Keywords: Systems biology, Gene Expression, Vaccine Efficacy, Immune Response, B Cell Proliferation

Introduction

Vaccination is one of the most effective methods of preventing human disease. However many vaccines are not universally protective and even widely used vaccines, such as those against influenza, fail to achieve protective immunity in a significant proportion of vaccinated subjects [1]. Identifying the biological features of the early vaccine response that predict the subsequent development of vaccine immunity is therefore a central goal in human immunology.

New investigative tools such as gene expression profiling have begun to be applied to the problem of predicting vaccine response [2]. Most of these approaches have assayed vaccine-induced changes in gene expression in the peripheral blood mononuclear cell (PBMC) compartment, a bellwether of changes at distant vaccine sites. Two studies have shown that changes in the expression of small numbers of genes in PBMC gene expression profiles a few days after vaccination predict the subsequent magnitude of the immune response measured several weeks later [3, 4]. These studies suggest that gene expression profiles from PBMC samples in vaccinated subjects can provide predictors of the vaccine response. Such approaches would be especially useful both as tools to identify new biological features associated with vaccine response, and as correlates of immunity for the development of new vaccines.

However there are two significant challenges to developing gene expression based predictors of clinical outcome following vaccination. First, the extent of biological change in PBMC caused by direct interaction with the vaccine and PBMC would be expected to be small. While live attenuated vaccines like those developed against yellow fever (YF-17D) are known to replicate systemically and induce readily detectable interferon responses [4-6], non-replicating subunit vaccines such as those against influenza would be expected to have a much smaller effect on the transcriptional profile of PBMC. Thus the selection of individual genes that are strongly associated with response to vaccination can be difficult.
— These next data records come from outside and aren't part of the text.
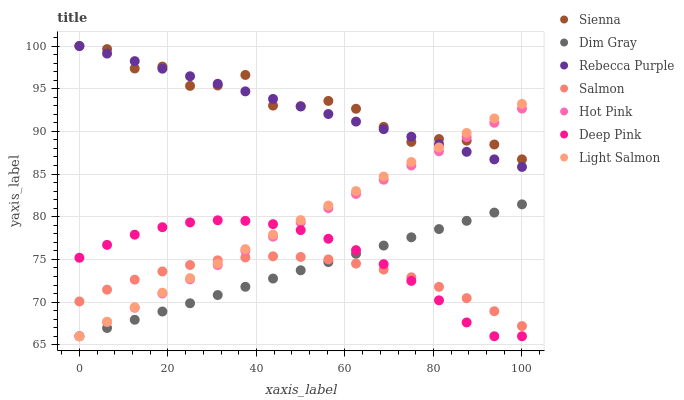Does Salmon have the minimum area under the curve?
Answer yes or no. Yes. Does Sienna have the maximum area under the curve?
Answer yes or no. Yes. Does Dim Gray have the minimum area under the curve?
Answer yes or no. No. Does Dim Gray have the maximum area under the curve?
Answer yes or no. No. Is Light Salmon the smoothest?
Answer yes or no. Yes. Is Sienna the roughest?
Answer yes or no. Yes. Is Dim Gray the smoothest?
Answer yes or no. No. Is Dim Gray the roughest?
Answer yes or no. No. Does Light Salmon have the lowest value?
Answer yes or no. Yes. Does Salmon have the lowest value?
Answer yes or no. No. Does Rebecca Purple have the highest value?
Answer yes or no. Yes. Does Dim Gray have the highest value?
Answer yes or no. No. Is Salmon less than Sienna?
Answer yes or no. Yes. Is Rebecca Purple greater than Deep Pink?
Answer yes or no. Yes. Does Hot Pink intersect Sienna?
Answer yes or no. Yes. Is Hot Pink less than Sienna?
Answer yes or no. No. Is Hot Pink greater than Sienna?
Answer yes or no. No. Does Salmon intersect Sienna?
Answer yes or no. No. 
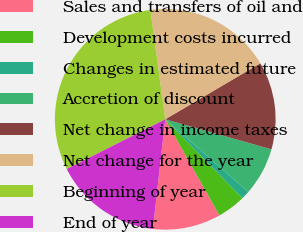Convert chart to OTSL. <chart><loc_0><loc_0><loc_500><loc_500><pie_chart><fcel>Sales and transfers of oil and<fcel>Development costs incurred<fcel>Changes in estimated future<fcel>Accretion of discount<fcel>Net change in income taxes<fcel>Net change for the year<fcel>Beginning of year<fcel>End of year<nl><fcel>9.96%<fcel>4.15%<fcel>1.24%<fcel>7.05%<fcel>12.86%<fcel>18.67%<fcel>30.3%<fcel>15.77%<nl></chart> 
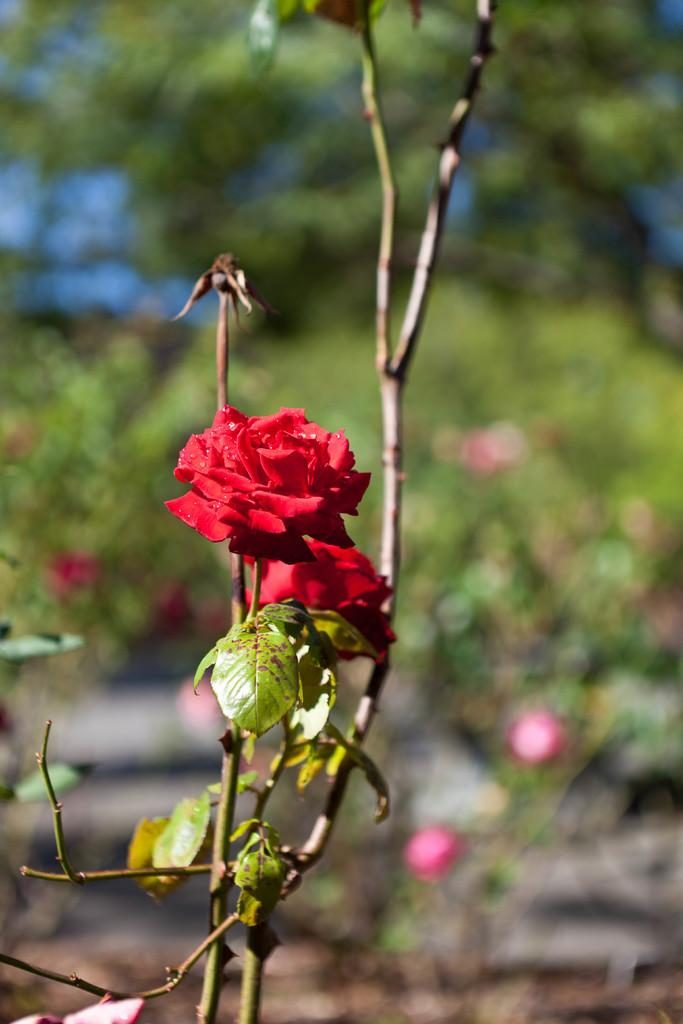What type of plant is in the image? There is a plant in the image, but the specific type cannot be determined from the provided facts. What can be seen in addition to the plant in the image? There are flowers in the image. How would you describe the background of the image? The background of the image is blurred. What type of vegetation is visible in the background? There is greenery visible in the background. What type of meat is being served on a plate in the image? There is no plate or meat present in the image; it features a plant, flowers, and a blurred background. 
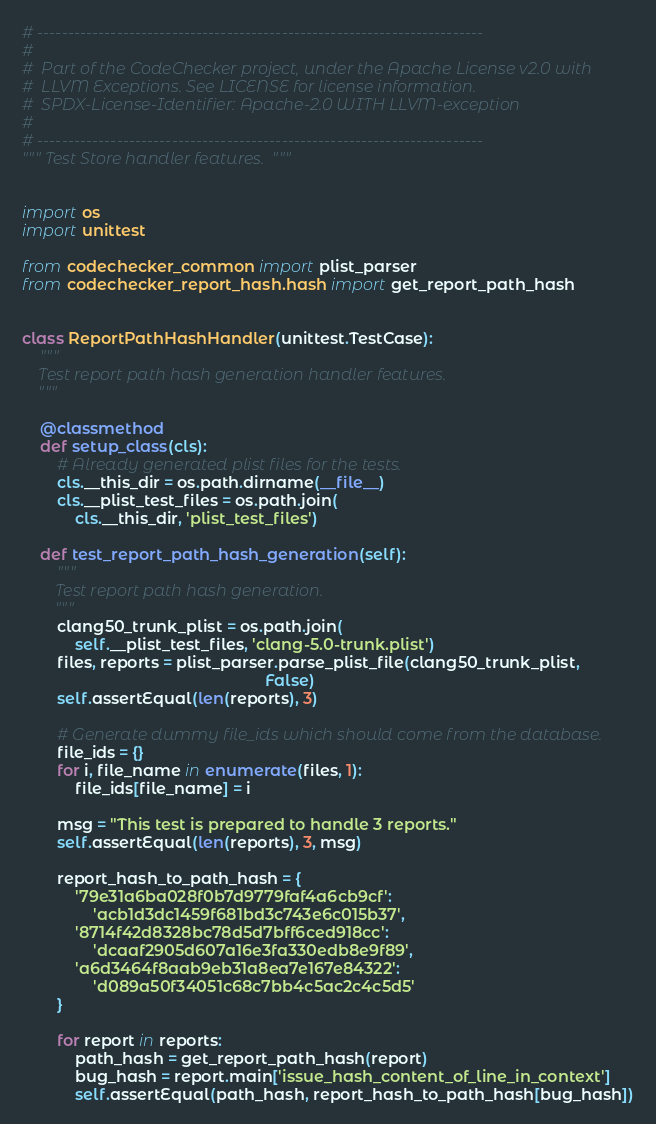<code> <loc_0><loc_0><loc_500><loc_500><_Python_># -------------------------------------------------------------------------
#
#  Part of the CodeChecker project, under the Apache License v2.0 with
#  LLVM Exceptions. See LICENSE for license information.
#  SPDX-License-Identifier: Apache-2.0 WITH LLVM-exception
#
# -------------------------------------------------------------------------
""" Test Store handler features.  """


import os
import unittest

from codechecker_common import plist_parser
from codechecker_report_hash.hash import get_report_path_hash


class ReportPathHashHandler(unittest.TestCase):
    """
    Test report path hash generation handler features.
    """

    @classmethod
    def setup_class(cls):
        # Already generated plist files for the tests.
        cls.__this_dir = os.path.dirname(__file__)
        cls.__plist_test_files = os.path.join(
            cls.__this_dir, 'plist_test_files')

    def test_report_path_hash_generation(self):
        """
        Test report path hash generation.
        """
        clang50_trunk_plist = os.path.join(
            self.__plist_test_files, 'clang-5.0-trunk.plist')
        files, reports = plist_parser.parse_plist_file(clang50_trunk_plist,
                                                       False)
        self.assertEqual(len(reports), 3)

        # Generate dummy file_ids which should come from the database.
        file_ids = {}
        for i, file_name in enumerate(files, 1):
            file_ids[file_name] = i

        msg = "This test is prepared to handle 3 reports."
        self.assertEqual(len(reports), 3, msg)

        report_hash_to_path_hash = {
            '79e31a6ba028f0b7d9779faf4a6cb9cf':
                'acb1d3dc1459f681bd3c743e6c015b37',
            '8714f42d8328bc78d5d7bff6ced918cc':
                'dcaaf2905d607a16e3fa330edb8e9f89',
            'a6d3464f8aab9eb31a8ea7e167e84322':
                'd089a50f34051c68c7bb4c5ac2c4c5d5'
        }

        for report in reports:
            path_hash = get_report_path_hash(report)
            bug_hash = report.main['issue_hash_content_of_line_in_context']
            self.assertEqual(path_hash, report_hash_to_path_hash[bug_hash])
</code>

The second challenge is that the biological meaning of gene expression-based predictors is often hard to determine [3, 4]. One reason for this is that the analytic approaches to identify predictive genes are often different from those used to discover biological mechanisms evident in gene expression data. Predictive genes are selected on statistical rather than biological grounds [7] which tends to divorce the identity of the predictive genes from an understanding of their role in vaccine biology [8].

To address these limitations, we applied an approach to developing predictors of vaccine outcome from PBMC gene expression profiles following vaccination that has been used in other domains, e.g., stratifying cancer patients, but is novel to immunology. Rather than building a predictive model based on single differentially expressed genes, we used sets of coordinately regulated, biologically informative gene sets as predictive features in individual samples [9, 10]. As a source of gene sets, we use a compendium of signatures extracted from the published literature and from expert curation [11]. These signatures represent phenotypes of defined cell states and biological perturbations, providing specific biological contexts with which to interpret the predictive models. Moreover, this approach allows changes in networks of genes to be used as predictive features even though the magnitude of change in any individual constituent gene is small [12].

We show that this approach enables the development of gene expression predictors from genes directly related to biological processes that a conventional single-gene level predictor does not identify. We apply this approach to pinpoint the biological hallmarks of response of two different vaccines, and show that signatures consistent with proliferating B cells predict antibody response to influenza vaccination.

Results

YF-17D induces signatures of interferon and inflammatory response

We began by analyzing PBMC microarray data from individuals vaccinated with the yellow fever virus vaccine (YF-17D). YF-17D is a highly potent vaccine that induces a robust interferon gene response in post-vaccination PBMC samples [4-6]. In this small data set, our goal was not to identify predictors of response, but rather to test whether a gene set-based analytic approach could recover known biological features of the effect of YF-17D vaccination such as the interferon response.

To identify sets of genes – rather than individual genes – that were elicited by YF-17D, we used a variant of gene set enrichment analysis (GSEA) [13]. GSEA is an analytic approach that tests for enrichment of an a priori set of genes in a second, rank-ordered list of genes. Such a rank-ordered list of genes is usually created by comparing the average expression values of genes in a group of microarray samples to those in a control group. Enrichment is measured by the degree of over representation of the set of genes of interest at the top (or bottom) of the rank ordered list. Because we wanted to test for enrichment of gene sets in individual samples from vaccinated patients (rather than in a group of samples from vaccinated subjects), we used a single sample version of GSEA (ssGSEA) [14]. In this approach, gene sets are tested for enrichment in the list of genes in a single sample ranked by absolute expression rather than by comparison with another sample.

We analyzed Affymetrix expression profiles of 15 individuals obtained pre-vaccination (Day 0) and seven days following vaccination (Day 7). We used ssGSEA to test each sample for enrichment of signatures in a compendium ∼3,000 gene sets that have been collected by curation of published microarray studies, or are present in pathway databases such as Reactome (described in Methods) [11].

We found that ∼900 gene sets were significantly (FDR < 0.25) enriched in the Day 7 post-vaccine samples (Figure 1A), suggesting marked differences in gene expression profile following vaccination with YF-17D. To identify whether the gene sets represented similar biological processes we tested the gene sets for similarity to each other using two approaches. First, we used the DAVID annotation tool [15] to categorize the genes in each gene set and found that the majority of gene sets were strongly associated with the interferon or inflammatory response (Figure 1A and Supplementary Table 1).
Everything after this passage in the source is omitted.